Got core dumped error when running tftrt sample code

I installed TensorRt 4…0.0.3 at first and got core dumped error when running run_all.sh in the tftrt sample. And then I switched to TensorRT 3.0.4-1+cuda9.0 and got same result. Here is the error code: /ops/_beam_search_ops.so./run_all.sh: line 13: 3347 Aborted (core dumped) python tftrt_sample.py --native --FP32 --FP16 --INT8 --num_loops 10 --topN 5 --batch_size 4 --workspace_size 2048 --log_file log.txt --network resnet_v1_50_frozen.pb --input_node input --output_nodes resnet_v1_50/predictions/Reshape_1 --img_size 224 --img_file grace_hopper.jpg.

System: Ubuntu 16.04
TensorRT version: 3.0.4-1+cuda9.0
CUDA version: 9.0
cuDNN version: 7.0.5
TensorFlow version: 1.7
GPU: GTX 1080ti

Hi I am able to run the code, but after “INFO:tensorflow:Timing loop done!” and “starting build engine” message I am getting core dump error. I did not change anything in given sample file “tftrt_sample.py and run_all.sh”. Can anyone help me? I am using TensorRT 4.0.0.3 version with tensorflow-gpu 1.7.0 and cuda V9.0.176. Thanks in Advance.

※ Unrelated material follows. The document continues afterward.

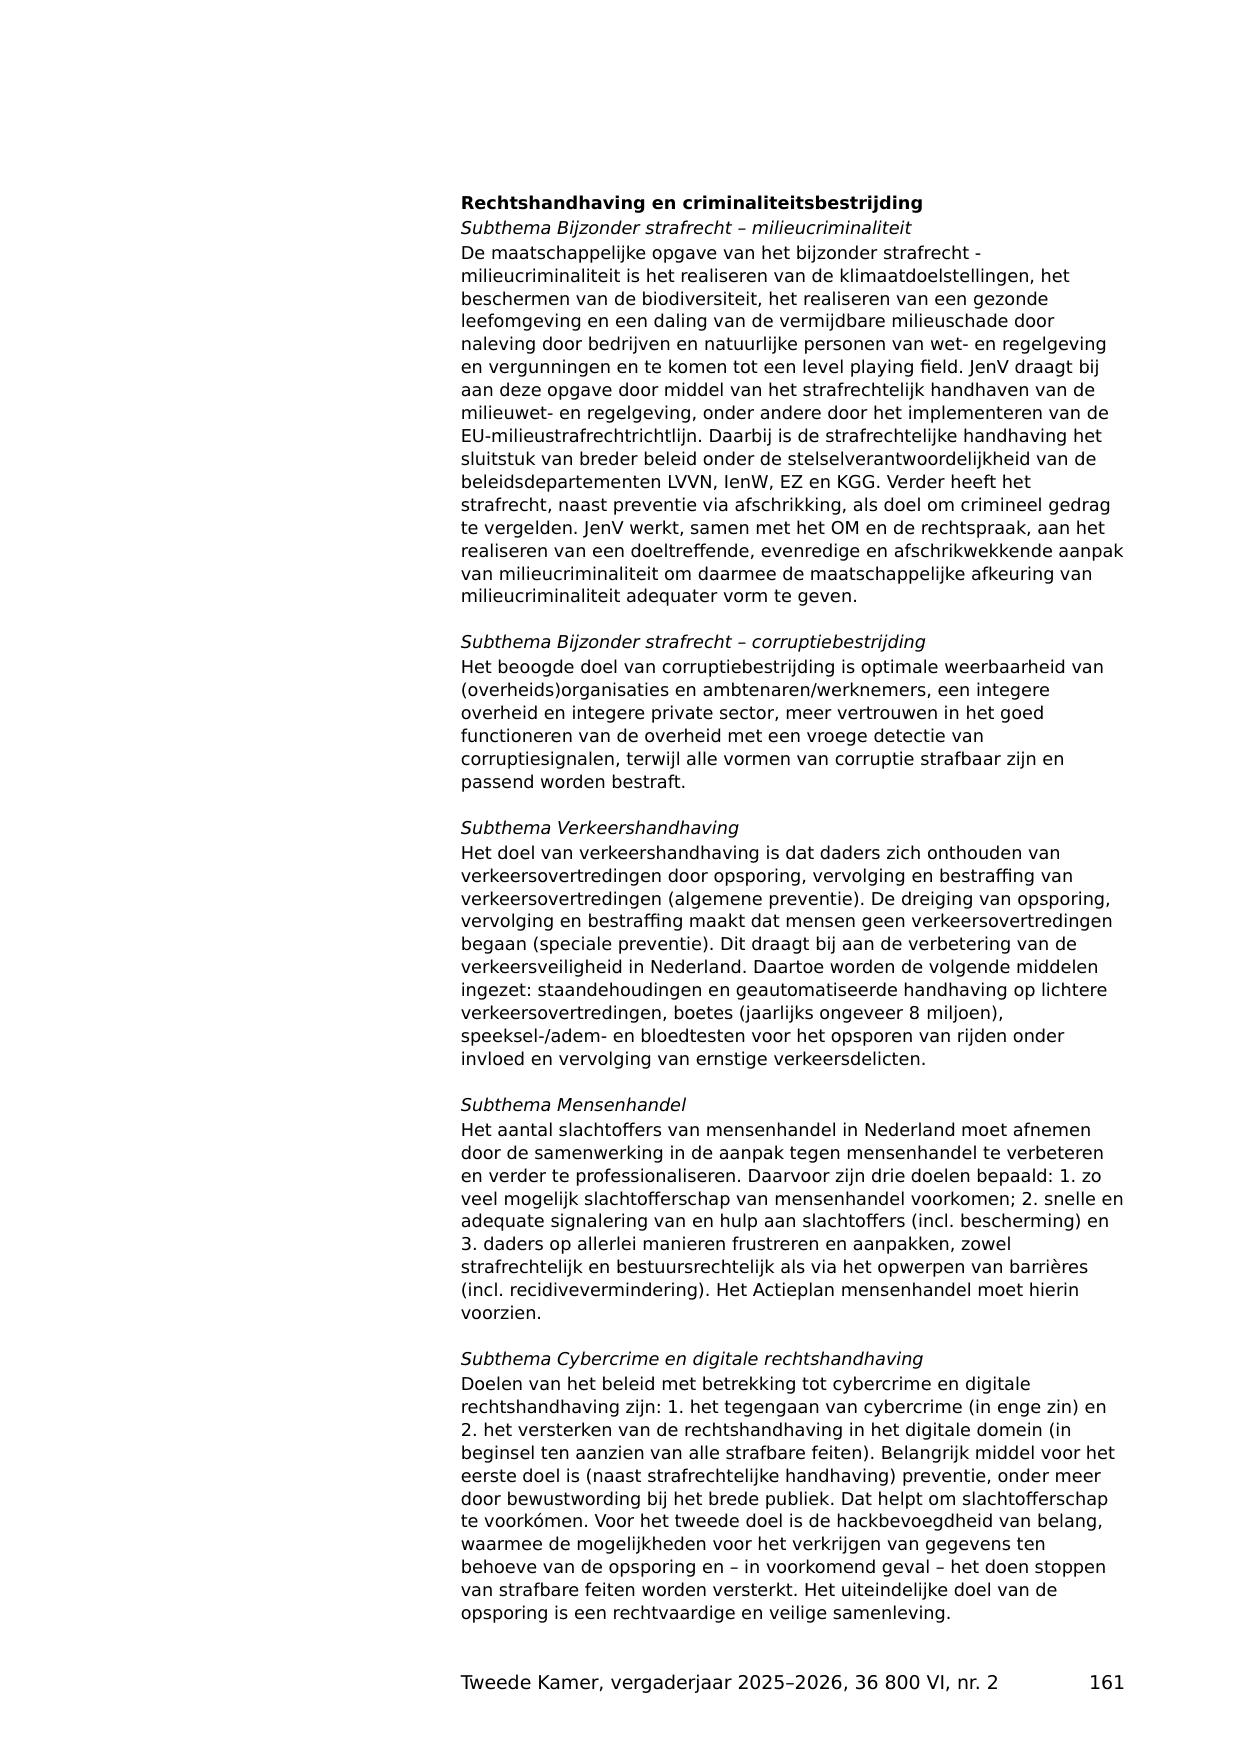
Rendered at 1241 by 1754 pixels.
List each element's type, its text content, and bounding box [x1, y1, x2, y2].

Got the same problem here, I also tried both tensorRT 3 and 4. Anyone got a clue?

System: Ubuntu 16.04
TensorRT version: 3.0.4-1+cuda9.0
CUDA version: 9.0
cuDNN version: 7.0.5
TensorFlow version: 1.8
GPU: Tesla K80

iter  8   0.0492392396927
iter  9   0.0493129205704
Comparison= True
INFO:tensorflow:Timing loop done!
images/s : 81.3 +/- 0.1, s/batch: 0.04922 +/- 0.00006
RES, Native, 4, 81.26, 0.10, 0.04922, 0.00006
2018-05-07 18:59:29.351872: I tensorflow/core/grappler/devices.cc:51] Number of eligible GPUs (core count >= 8): 1
2018-05-07 18:59:30.462703: I tensorflow/contrib/tensorrt/convert/convert_nodes.cc:2660] Max batch size= 4 max workspace size= 2147483648
2018-05-07 18:59:30.462973: I tensorflow/contrib/tensorrt/convert/convert_nodes.cc:2666] starting build engine
*** Error in `python': munmap_chunk(): invalid pointer: 0x00007ffd14d253d0 ***
======= Backtrace: =========
/lib/x86_64-linux-gnu/libc.so.6(+0x777e5)[0x7fd245b3c7e5]
/lib/x86_64-linux-gnu/libc.so.6(cfree+0x1a8)[0x7fd245b49698]
/home/li/tf/local/lib/python2.7/site-packages/tensorflow/python/../libtensorflow_framework.so(_ZNSt10_HashtableISsSsSaISsENSt8__detail9_IdentityESt8equal_toISsESt4hashISsENS1_18_Mod_range_hashingENS1_20_Default_ranged_hashENS1_20_Prime_rehash_policyENS1_17_Hashtable_traitsILb1ELb1ELb1EEEE21_M_insert_unique_nodeEmmPNS1_10_Hash_nodeISsLb1EEE+0xfc)[0x7fd21ab31d3c]
/usr/lib/x86_64-linux-gnu/libnvinfer.so.4(_ZNSt10_HashtableISsSsSaISsENSt8__detail9_IdentityESt8equal_toISsESt4hashISsENS1_18_Mod_range_hashingENS1_20_Default_ranged_hashENS1_20_Prime_rehash_policyENS1_17_Hashtable_traitsILb1ELb1ELb1EEEE9_M_insertIRKSsNS1_10_AllocNodeISaINS1_10_Hash_nodeISsLb1EEEEEEEESt4pairINS1_14_Node_iteratorISsLb1ELb1EEEbEOT_RKT0_St17integral_constantIbLb1EE+0x96)[0x7fd1dbb83a26]
/usr/lib/x86_64-linux-gnu/libnvinfer.so.4(_ZNK8nvinfer17Network8validateERKNS_5cudnn15HardwareContextEbbi+0x1a6)[0x7fd1dbb71b36]
/usr/lib/x86_64-linux-gnu/libnvinfer.so.4(_ZN8nvinfer17builder11buildEngineERNS_21CudaEngineBuildConfigERKNS_5cudnn15HardwareContextERKNS_7NetworkE+0x46)[0x7fd1dbb5e156]
/usr/lib/x86_64-linux-gnu/libnvinfer.so.4(_ZN8nvinfer17Builder15buildCudaEngineERNS_18INetworkDefinitionE+0x11)[0x7fd1dbb48e81]
/home/li/tf/local/lib/python2.7/site-packages/tensorflow/contrib/tensorrt/_wrap_conversion.so(_ZN10tensorflow8tensorrt7convert32ConvertSubGraphToTensorRTNodeDefERNS1_14SubGraphParamsE+0x1b2b)[0x7fd1db3de3bb]
/home/li/tf/local/lib/python2.7/site-packages/tensorflow/contrib/tensorrt/_wrap_conversion.so(+0x5a49a)[0x7fd1db3bb49a]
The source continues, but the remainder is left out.